[[ Input data, beginning ]]

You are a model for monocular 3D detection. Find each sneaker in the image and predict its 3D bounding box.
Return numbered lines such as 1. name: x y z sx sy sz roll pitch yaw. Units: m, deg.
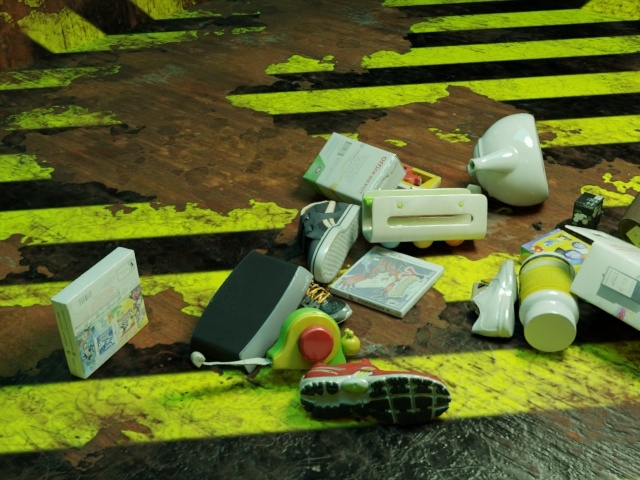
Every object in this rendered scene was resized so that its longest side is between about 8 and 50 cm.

[[ Input data, end ]]

In your copy, leave out the pictures and reproduce the material above exactly.

Response for this exercise:
You are a model for monocular 3D detection. Find each sneaker in the image and predict its 3D bounding box.
Return numbered lines such as 1. name: x y z sx sy sz roll pitch yaw. Units: m, deg.
Every object in this rendered scene was resized so that its longest side is between about 8 and 50 cm.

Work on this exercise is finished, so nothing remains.